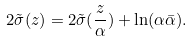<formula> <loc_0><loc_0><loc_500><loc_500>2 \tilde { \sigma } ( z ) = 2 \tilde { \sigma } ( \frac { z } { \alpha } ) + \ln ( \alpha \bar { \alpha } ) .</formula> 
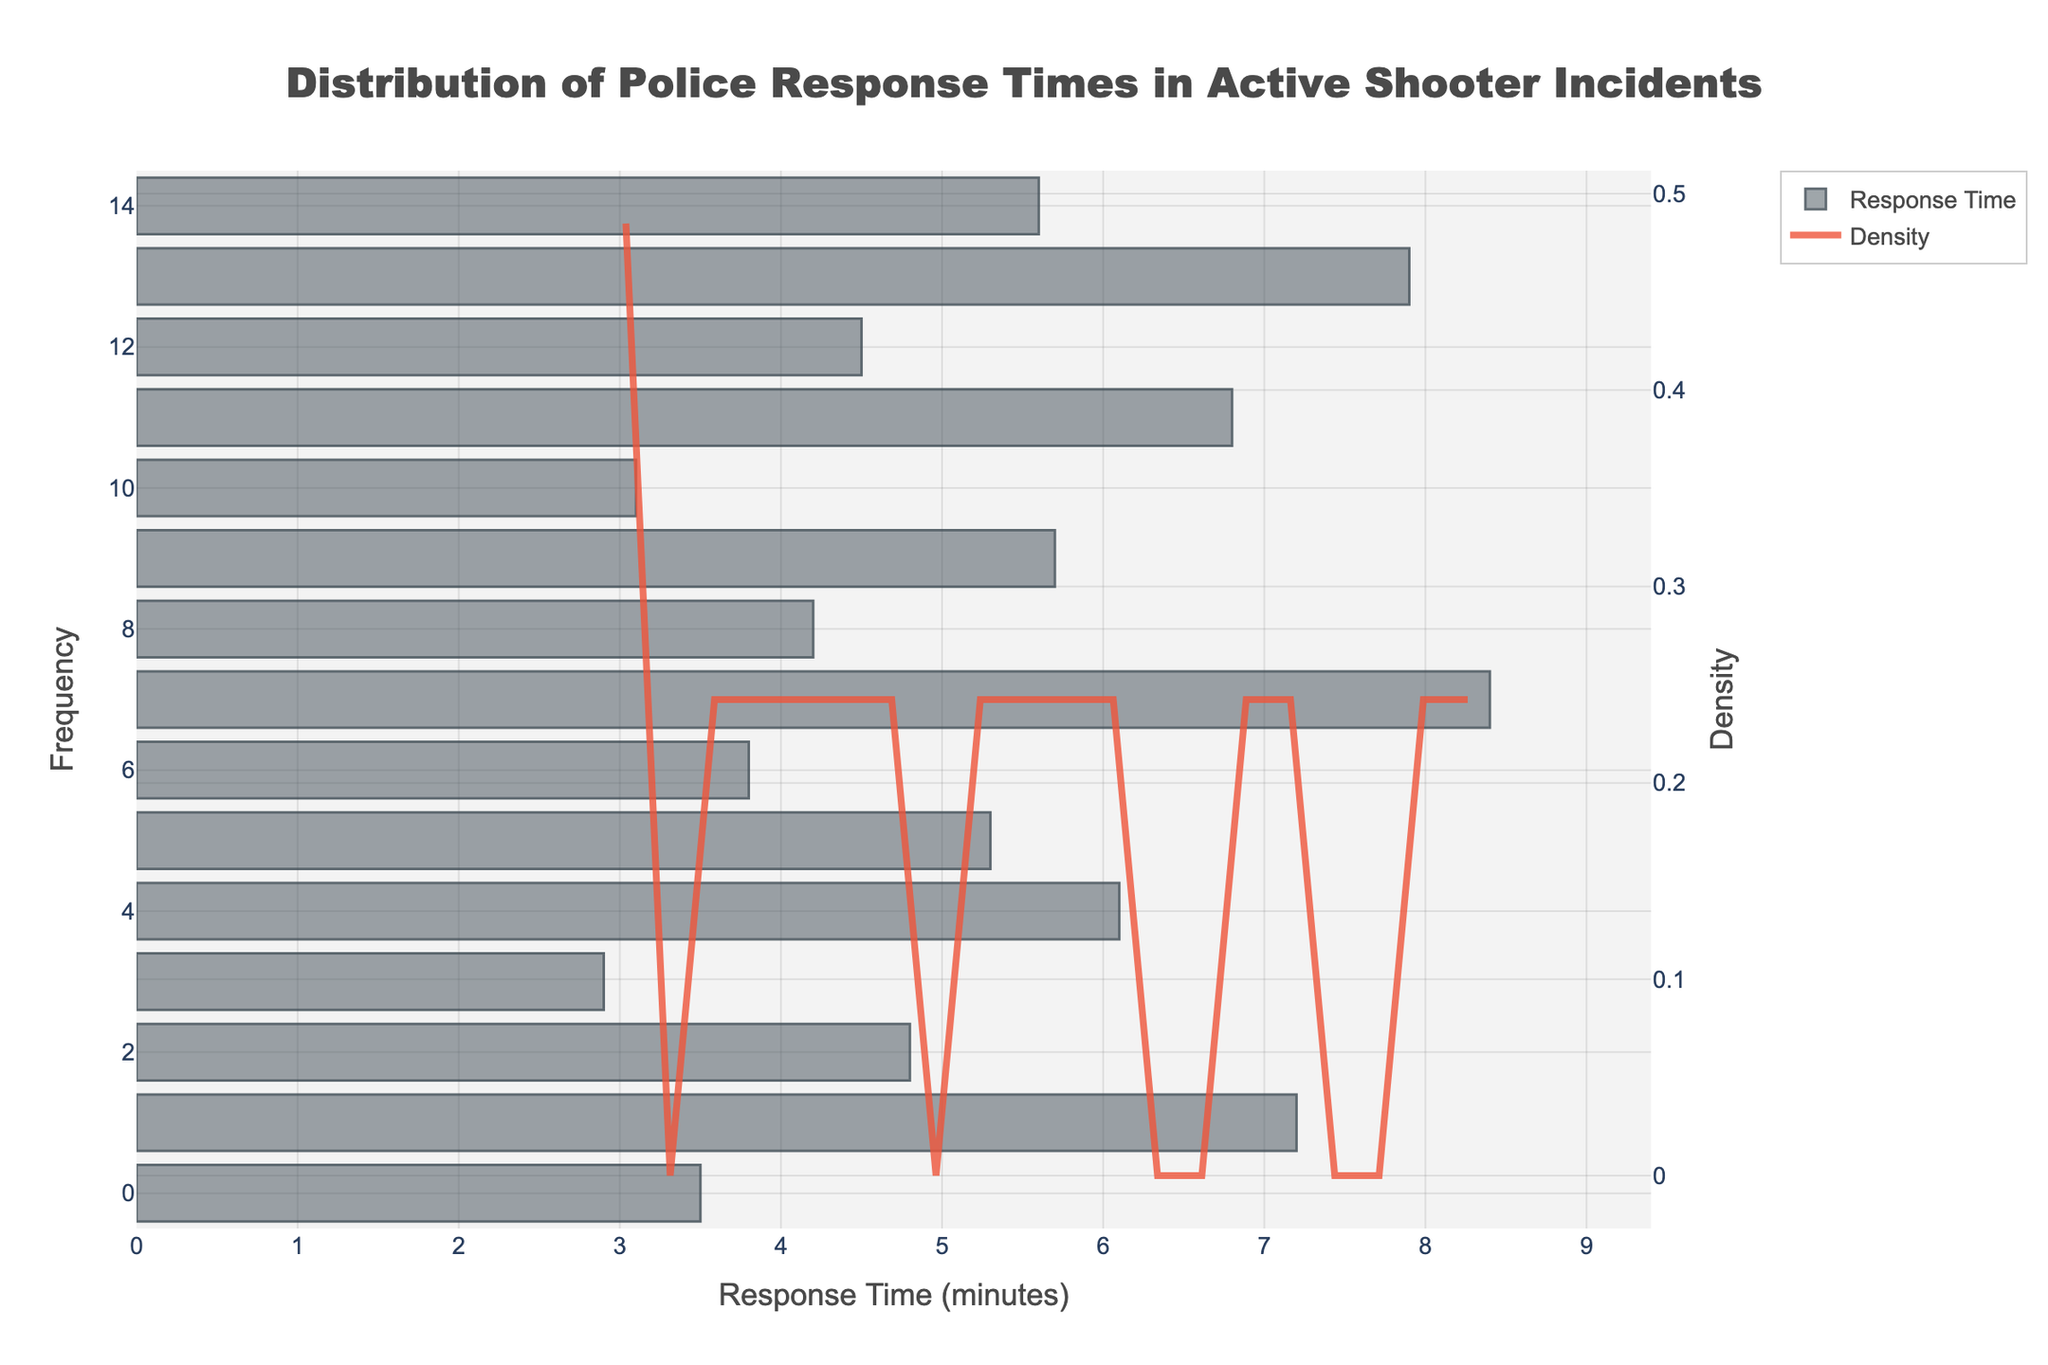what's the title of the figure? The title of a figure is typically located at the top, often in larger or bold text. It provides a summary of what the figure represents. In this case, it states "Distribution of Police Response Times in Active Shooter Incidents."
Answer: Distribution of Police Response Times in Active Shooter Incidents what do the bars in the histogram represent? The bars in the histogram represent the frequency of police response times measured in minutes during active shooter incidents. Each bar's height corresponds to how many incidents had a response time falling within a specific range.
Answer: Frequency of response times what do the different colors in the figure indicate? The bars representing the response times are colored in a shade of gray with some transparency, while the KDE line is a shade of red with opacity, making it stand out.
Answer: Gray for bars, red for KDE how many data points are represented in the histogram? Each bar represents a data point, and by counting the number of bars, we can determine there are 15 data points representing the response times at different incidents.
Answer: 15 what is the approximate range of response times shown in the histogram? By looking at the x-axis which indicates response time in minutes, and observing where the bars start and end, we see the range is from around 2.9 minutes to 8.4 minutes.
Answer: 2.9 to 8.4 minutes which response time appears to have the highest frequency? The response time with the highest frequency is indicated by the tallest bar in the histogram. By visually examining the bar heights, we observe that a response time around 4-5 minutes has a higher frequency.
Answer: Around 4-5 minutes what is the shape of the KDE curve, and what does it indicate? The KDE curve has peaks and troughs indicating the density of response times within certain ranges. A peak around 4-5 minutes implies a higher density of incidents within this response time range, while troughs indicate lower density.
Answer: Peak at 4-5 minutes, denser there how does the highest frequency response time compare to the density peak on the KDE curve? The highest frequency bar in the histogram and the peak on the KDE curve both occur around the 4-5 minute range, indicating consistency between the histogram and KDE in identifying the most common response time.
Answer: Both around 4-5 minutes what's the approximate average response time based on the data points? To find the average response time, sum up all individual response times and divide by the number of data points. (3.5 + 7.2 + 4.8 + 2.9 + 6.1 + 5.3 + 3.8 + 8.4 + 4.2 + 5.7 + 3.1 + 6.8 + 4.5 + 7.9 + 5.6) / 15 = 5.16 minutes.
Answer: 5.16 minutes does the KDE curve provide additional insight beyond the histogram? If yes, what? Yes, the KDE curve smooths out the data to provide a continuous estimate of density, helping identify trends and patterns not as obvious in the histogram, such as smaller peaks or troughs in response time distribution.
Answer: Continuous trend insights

━━━━━━━━━━━━━━━━━━━━

**WHAT THIS TASK INVOLVES**
Taking the records above, retype every line from the one with "Answer: Frequency of" down to the one with "Answer: Both around", exactly and with nothing else.

**ANSWER**
Answer: Frequency of response times what do the different colors in the figure indicate? The bars representing the response times are colored in a shade of gray with some transparency, while the KDE line is a shade of red with opacity, making it stand out.
Answer: Gray for bars, red for KDE how many data points are represented in the histogram? Each bar represents a data point, and by counting the number of bars, we can determine there are 15 data points representing the response times at different incidents.
Answer: 15 what is the approximate range of response times shown in the histogram? By looking at the x-axis which indicates response time in minutes, and observing where the bars start and end, we see the range is from around 2.9 minutes to 8.4 minutes.
Answer: 2.9 to 8.4 minutes which response time appears to have the highest frequency? The response time with the highest frequency is indicated by the tallest bar in the histogram. By visually examining the bar heights, we observe that a response time around 4-5 minutes has a higher frequency.
Answer: Around 4-5 minutes what is the shape of the KDE curve, and what does it indicate? The KDE curve has peaks and troughs indicating the density of response times within certain ranges. A peak around 4-5 minutes implies a higher density of incidents within this response time range, while troughs indicate lower density.
Answer: Peak at 4-5 minutes, denser there how does the highest frequency response time compare to the density peak on the KDE curve? The highest frequency bar in the histogram and the peak on the KDE curve both occur around the 4-5 minute range, indicating consistency between the histogram and KDE in identifying the most common response time.
Answer: Both around 4-5 minutes what's the approximate average response time based on the data points? To find the average response time, sum up all individual response times and divide by the number of data points. (3.5 + 7.2 + 4.8 + 2.9 + 6.1 + 5.3 + 3.8 + 8.4 + 4.2 + 5.7 + 3.1 + 6.8 + 4.5 + 7.9 + 5.6) / 15 = 5.16 minutes.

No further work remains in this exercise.